Although some local people claim to have seen the strange lights over a long period of time, the first reported sighting was in 1966. A carload of teen-agers had stopped one clear evening along a swampy area of the old Military Road called Dog Meadow. Suddenly brilliance filled the car’s interior and lit the power lines paralleling the road. The frightened young people fled to report their experience to the local Sheriff. Since that time many have witnessed the phenomenon, but none can explain it.
Local lore spins haunting legends. Some say that one night, about forty years ago, a railroad switchman, lantern in hand, was crushed to death between two cars while attempting to signal the train’s engineer. Others say that an engineer was murdered along the railroad grade where the lights appear. A third story tells of a mail carrier and his sled dogs who were mysteriously slain a hundred years ago at Dog Meadow. The lights appear near the scenes of these various alleged tragedies and are thought to be connected with them. The lights can be seen on almost every clear night in all seasons of the year.
One motorist, coming over the crest of the gravel road that runs parallel to the old abandoned track bed, faced a golden bull’s eye and thinking it to be a one-eyed car, pulled off the road to avoid a head-on collision. There was no car.
On a frigid winter evening, a group of snowmobiles came upon the light. Not knowing what to make of it and badly frightened, they tried to surround it, to no avail. It vanished as quickly as it had appeared.
On another night, a drunken fellow from Eagle River shot at the light but it disappeared first. The light is usually the size of a weather balloon, appearing on the northwest horizon and seeming to move toward the northeast.
On a hot June evening in 1977, Elmer Lenz and Harold Nowak of Wisconsin decide to check out the phenomenon. A newspaper account said that no sooner had they parked their car on the gravel road than the light appeared-a bright spotlight shinning directly at them. It moved closer, backed away, appeared at an angle from time to time. To lenz, who grew up in the shadow of a railroad yard, it looked like the headlight of a train.
Suddenly a smaller light appeared below the large light and slightly to the right. Lenz recalled that “the two, at times, seemed to move together, then apart, one or the other disappearing, then showing again.“ The movements, he reasoned, were those of a switchman would make in signaling with a lantern. Sometimes the light changed color from white to red and occasionally a dim green. Lenz judged the light to be “two or three blocks away.”
After watching for an hour, Lenz, still skeptical of any supernatural basis for the phenomenon, determined to catch the pranksters responsible.
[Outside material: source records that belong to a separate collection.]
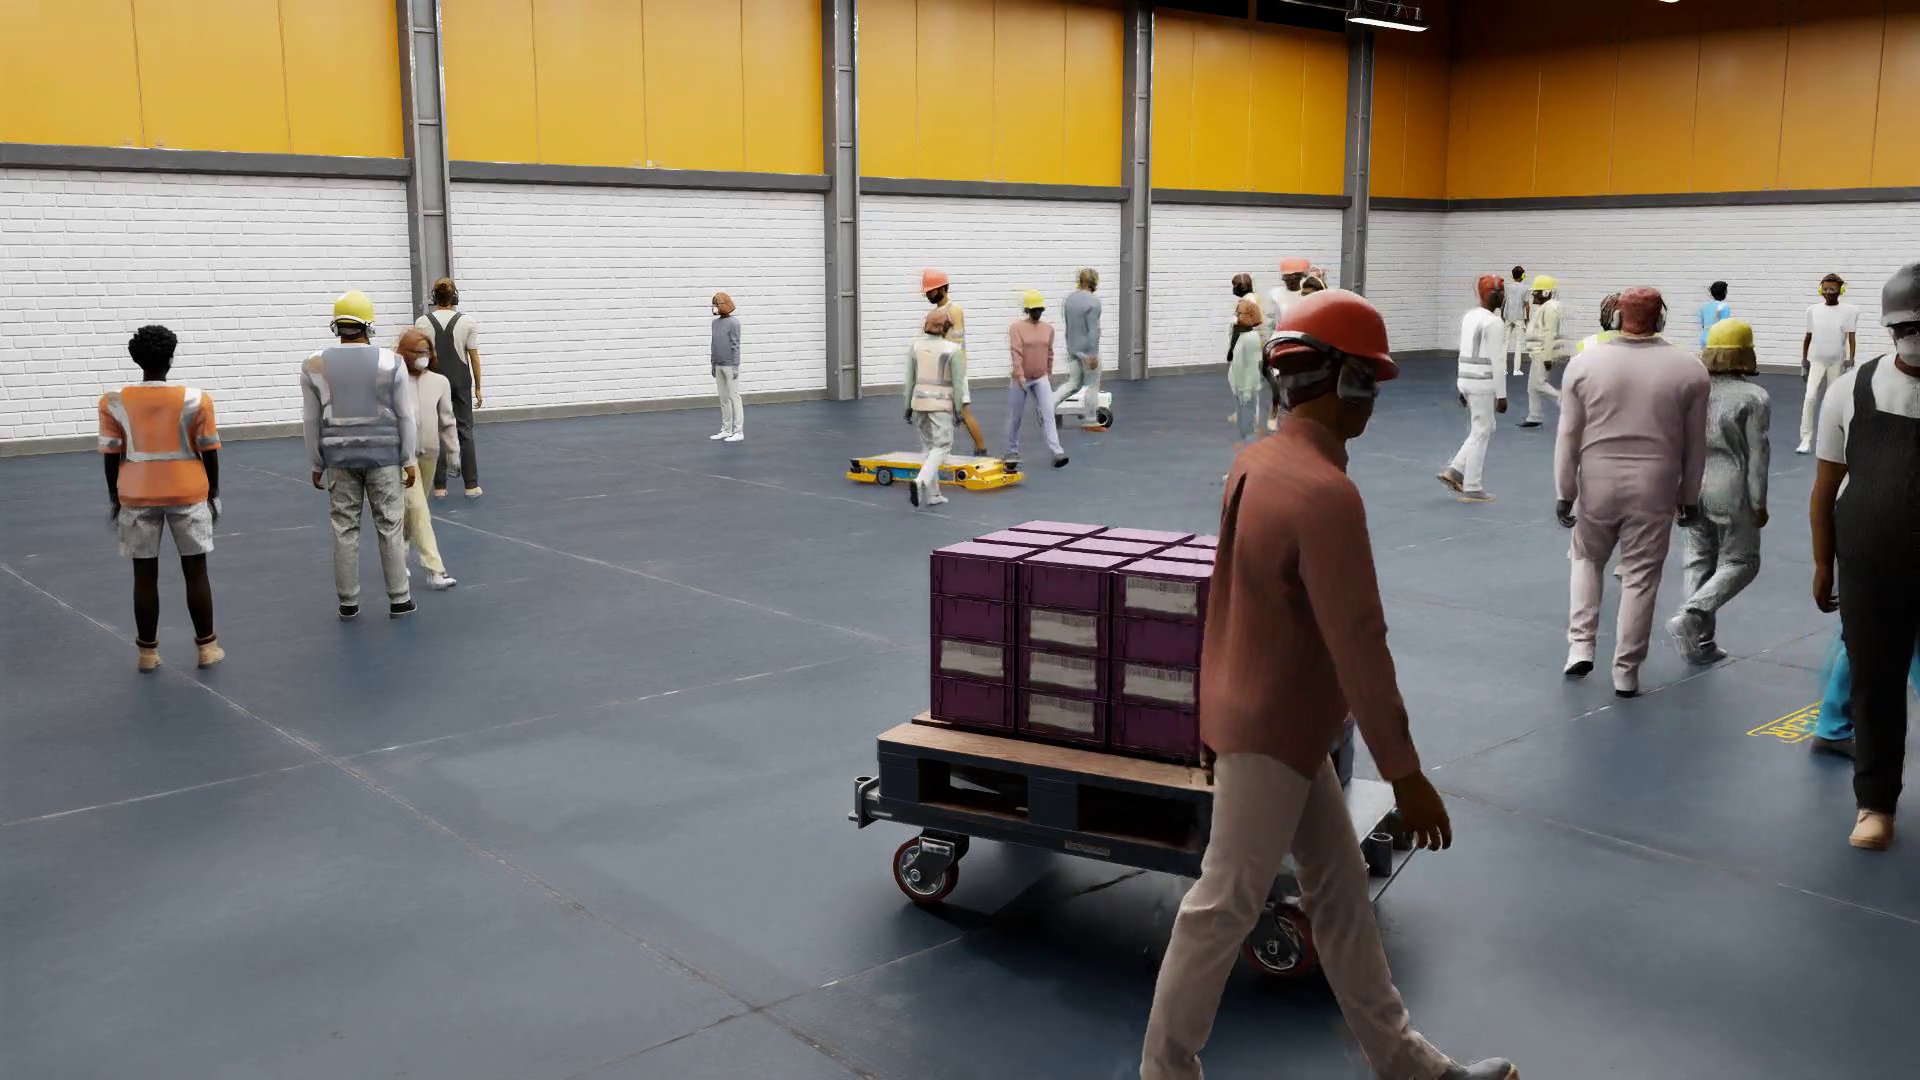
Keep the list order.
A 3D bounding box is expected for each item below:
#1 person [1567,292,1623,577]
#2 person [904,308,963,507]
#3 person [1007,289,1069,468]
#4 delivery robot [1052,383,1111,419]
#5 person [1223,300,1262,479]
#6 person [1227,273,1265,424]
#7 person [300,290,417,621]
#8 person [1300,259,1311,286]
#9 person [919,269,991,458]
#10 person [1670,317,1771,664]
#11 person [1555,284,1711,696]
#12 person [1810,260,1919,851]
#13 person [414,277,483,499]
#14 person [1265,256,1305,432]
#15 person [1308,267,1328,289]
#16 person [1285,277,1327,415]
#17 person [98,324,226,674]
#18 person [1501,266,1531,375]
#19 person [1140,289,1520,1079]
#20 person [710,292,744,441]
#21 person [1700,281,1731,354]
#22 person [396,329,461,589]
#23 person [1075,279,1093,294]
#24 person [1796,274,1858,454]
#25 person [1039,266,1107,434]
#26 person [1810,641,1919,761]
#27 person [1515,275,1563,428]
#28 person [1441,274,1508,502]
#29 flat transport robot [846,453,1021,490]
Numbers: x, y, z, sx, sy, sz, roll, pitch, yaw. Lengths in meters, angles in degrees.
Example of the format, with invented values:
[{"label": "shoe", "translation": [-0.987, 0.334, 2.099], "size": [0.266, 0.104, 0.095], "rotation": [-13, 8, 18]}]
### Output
[{"label": "person", "translation": [4.174, -0.676, 10.605], "size": [0.634, 1.801, 0.964], "rotation": [1, 10, 5]}, {"label": "person", "translation": [-0.249, -1.043, 13.289], "size": [0.534, 1.615, 0.650], "rotation": [6, 11, 32]}, {"label": "person", "translation": [0.710, -1.542, 15.969], "size": [0.510, 1.705, 0.916], "rotation": [-4, 11, -23]}, {"label": "delivery robot", "translation": [1.414, -1.622, 19.504], "size": [0.707, 0.478, 0.477], "rotation": [0, 10, 2]}, {"label": "person", "translation": [2.539, -1.321, 14.853], "size": [0.280, 1.636, 0.500], "rotation": [0, 10, -2]}, {"label": "person", "translation": [3.399, -2.302, 20.060], "size": [0.552, 1.815, 0.638], "rotation": [2, 10, 14]}, {"label": "person", "translation": [-3.315, -0.460, 9.238], "size": [0.586, 1.833, 0.403], "rotation": [-2, 10, -11]}, {"label": "person", "translation": [5.878, -3.819, 28.545], "size": [0.953, 1.954, 0.629], "rotation": [-7, 12, -37]}, {"label": "person", "translation": [-0.062, -1.559, 15.488], "size": [0.586, 1.904, 0.790], "rotation": [-5, 11, -27]}, {"label": "person", "translation": [3.668, -0.218, 8.111], "size": [0.518, 1.727, 0.503], "rotation": [-6, 11, -30]}, {"label": "person", "translation": [3.107, -0.232, 7.728], "size": [0.653, 1.890, 0.500], "rotation": [4, 11, 23]}, {"label": "person", "translation": [3.210, 0.057, 5.609], "size": [0.699, 2.000, 0.543], "rotation": [8, 13, 39]}, {"label": "person", "translation": [-4.257, -1.257, 13.872], "size": [0.521, 1.844, 0.331], "rotation": [-2, 10, -11]}, {"label": "person", "translation": [3.712, -2.147, 18.580], "size": [0.586, 2.024, 0.525], "rotation": [1, 10, 7]}, {"label": "person", "translation": [4.766, -2.663, 21.982], "size": [0.638, 1.884, 0.657], "rotation": [-2, 10, -12]}, {"label": "person", "translation": [2.898, -1.263, 13.896], "size": [0.607, 1.844, 0.574], "rotation": [-7, 12, -36]}, {"label": "person", "translation": [-3.871, -0.198, 8.099], "size": [0.540, 1.695, 0.317], "rotation": [-3, 10, -19]}, {"label": "person", "translation": [9.440, -3.725, 28.291], "size": [0.511, 1.862, 0.324], "rotation": [7, 12, 36]}, {"label": "person", "translation": [0.837, 0.439, 3.646], "size": [0.970, 1.936, 0.655], "rotation": [0, 10, 3]}, {"label": "person", "translation": [-2.570, -1.898, 18.264], "size": [0.270, 1.627, 0.503], "rotation": [-9, 13, -42]}, {"label": "person", "translation": [10.345, -2.704, 22.780], "size": [0.369, 1.686, 0.550], "rotation": [-2, 10, -12]}, {"label": "person", "translation": [-3.360, -0.509, 10.265], "size": [0.893, 1.580, 0.508], "rotation": [8, 13, 40]}, {"label": "person", "translation": [1.657, -2.578, 21.838], "size": [0.326, 1.767, 0.533], "rotation": [0, 10, 0]}, {"label": "person", "translation": [8.812, -1.768, 16.899], "size": [0.515, 1.841, 0.828], "rotation": [6, 11, 32]}, {"label": "person", "translation": [1.316, -2.129, 18.806], "size": [0.782, 1.911, 0.635], "rotation": [-7, 12, -34]}, {"label": "person", "translation": [3.754, 0.046, 6.340], "size": [0.577, 1.801, 0.928], "rotation": [-8, 13, -39]}, {"label": "person", "translation": [6.864, -2.180, 19.388], "size": [0.586, 1.813, 0.601], "rotation": [2, 10, 11]}, {"label": "person", "translation": [4.308, -1.236, 13.676], "size": [0.415, 1.873, 0.579], "rotation": [-1, 10, -6]}, {"label": "flat transport robot", "translation": [-0.237, -0.626, 14.776], "size": [1.431, 0.197, 0.652], "rotation": [5, 11, 28]}]
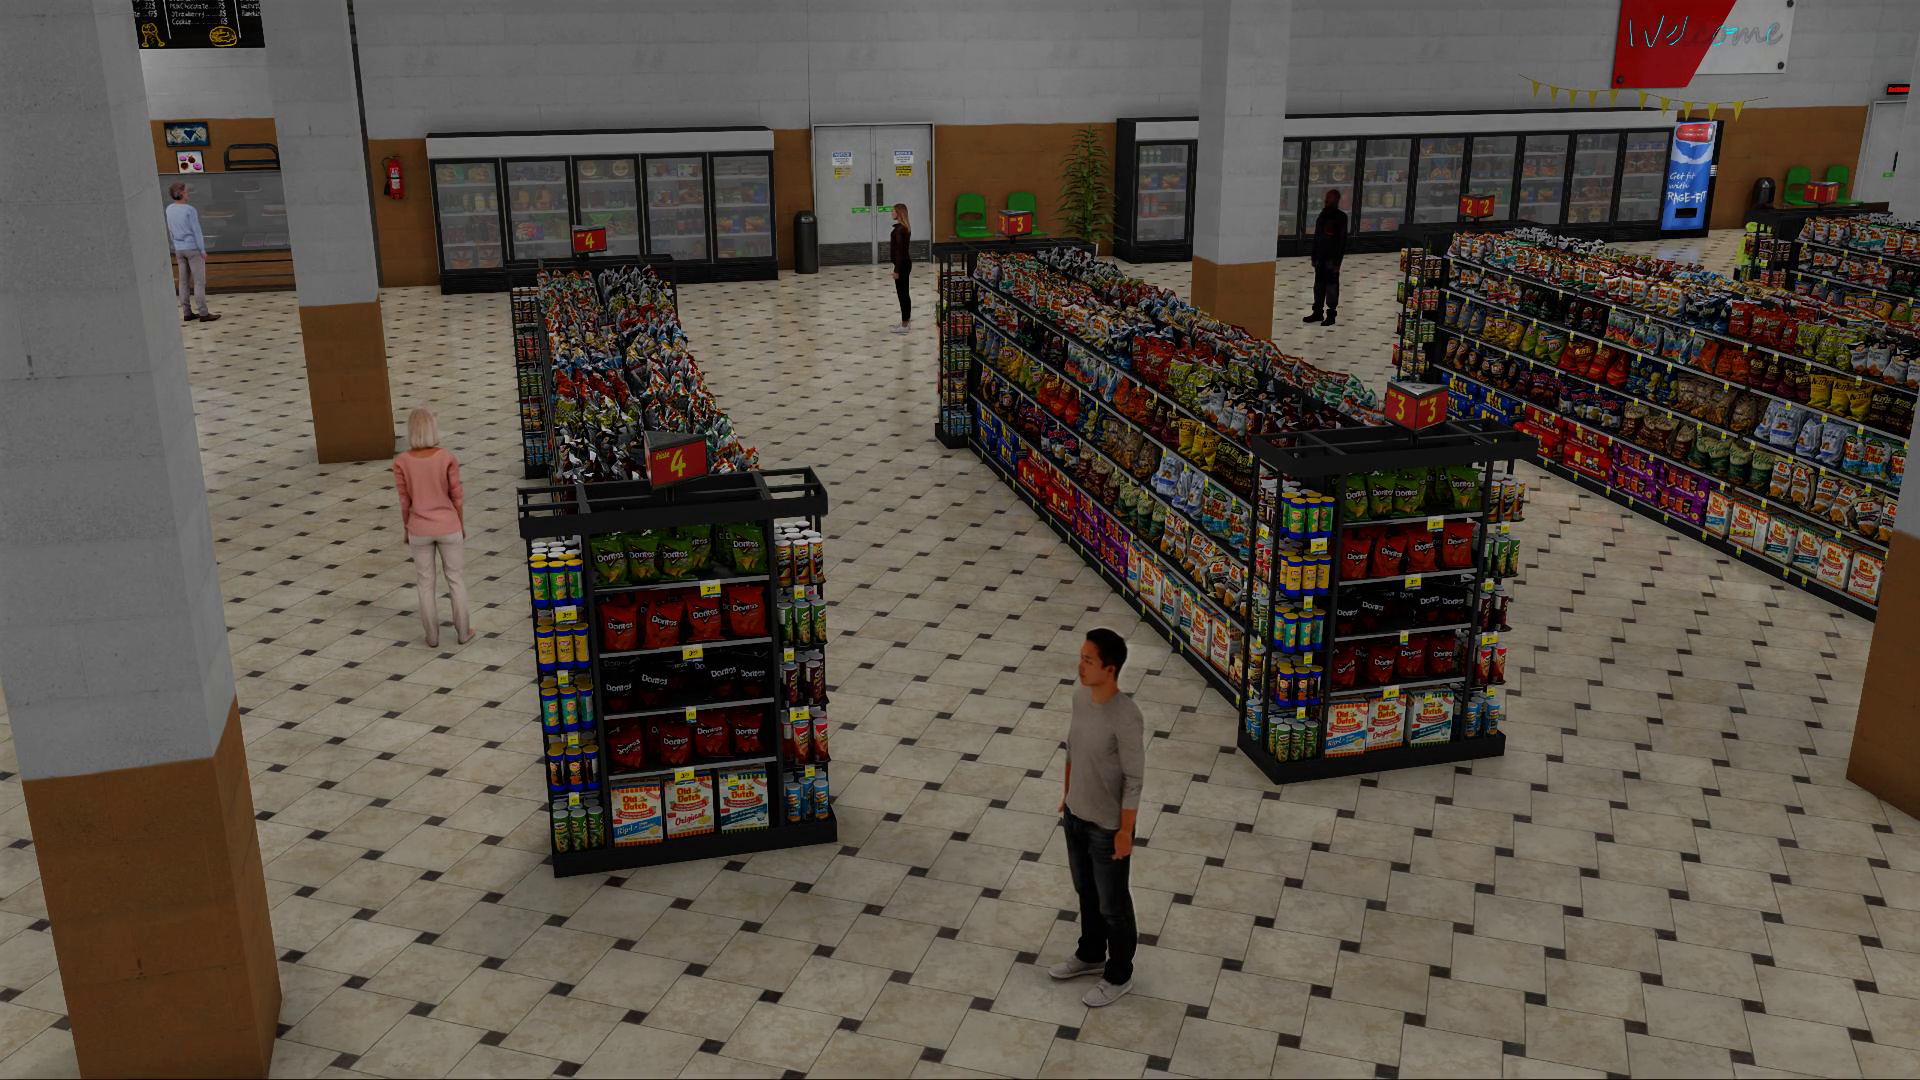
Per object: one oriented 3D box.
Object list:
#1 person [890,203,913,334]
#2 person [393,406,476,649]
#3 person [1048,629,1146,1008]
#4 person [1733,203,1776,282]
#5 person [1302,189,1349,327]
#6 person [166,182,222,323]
[{"bbox_3d":[-0.767,-3.626,22.159,0.732,1.704,0.590,3,19,10],"label":"person"},{"bbox_3d":[-3.685,-0.091,11.643,0.605,1.724,0.521,-4,19,-11],"label":"person"},{"bbox_3d":[0.653,1.243,7.551,0.773,1.811,0.568,-10,21,-28],"label":"person"},{"bbox_3d":[9.535,-3.070,20.073,0.900,1.983,0.704,1,19,2],"label":"person"},{"bbox_3d":[5.035,-3.870,22.693,0.829,1.826,0.660,-12,22,-31],"label":"person"},{"bbox_3d":[-10.601,-3.960,22.851,0.749,1.894,0.771,6,20,18],"label":"person"}]

He approached, the lights seemed to disappear down over the next rise but cast a bright glow in the sky.
A half mile later, finding nothing that might explain the mystery, the pair turned around and the lights reappeared over the rise. When they reached their car, other observers said that, in the man’s absence, they’d seen a large red light above a small white one in the middle of the road a block ahead of them. These lights would have been between the men and their car.
Two hours later, the men drove ahead for some distance, parked, and shut off the headlights. The lights reappeared, the large headlight and the smaller one beneath it beaming down the middle of the road. A minute later, the headlight vanished, and the smaller light, Lenz said, “seemed to touch down and burst into three.” The outer two lights disappeared, but the third remained, about two hundred feet away. Nowak snapped on the headlights but the light in the road didn’t move. Then, several minutes later, it rose slowly to a height of four or five feet and vanished.
Of his experience, Lenz, still perplexed, said, “No teen-agers, no flashlights, no strings attached.”
Charlie Gumm disagreed. His search led him to a secluded but well-used side road leading up to a plateau. He suspected that teen-agers manipulated the lights from there. Nightly? In temperatures of
Twenty degrees below zero? At five o’clock in the morning? It seems unlikely.
Yet, if the light show is not the work of pranksters, what is it? Similar lights along railroad tracks have been observed in other parts of the country, notably at Maco Station near Wilmington, North Carolina. Could they be caused by a luminous gas of some seismologists theorize that the weight of glacial ice in the area has created conditions favorable to future earthquakes, that the earth’s crust, compressed eons ago by massive ice sheets, is now trying to expand to its original contour and, in the process, causing luminous gases to escape through faults in the crust. Although anomalous lights are frequently associated with earthquakes, their presence does not necessarily predict quakes. So far, the study of the earthquake lights raises many questions but offers few answers.
Meanwhile, curious sightseers throng the Dog Meadow area. They watch the lights. They listen to the legends. And they wonder.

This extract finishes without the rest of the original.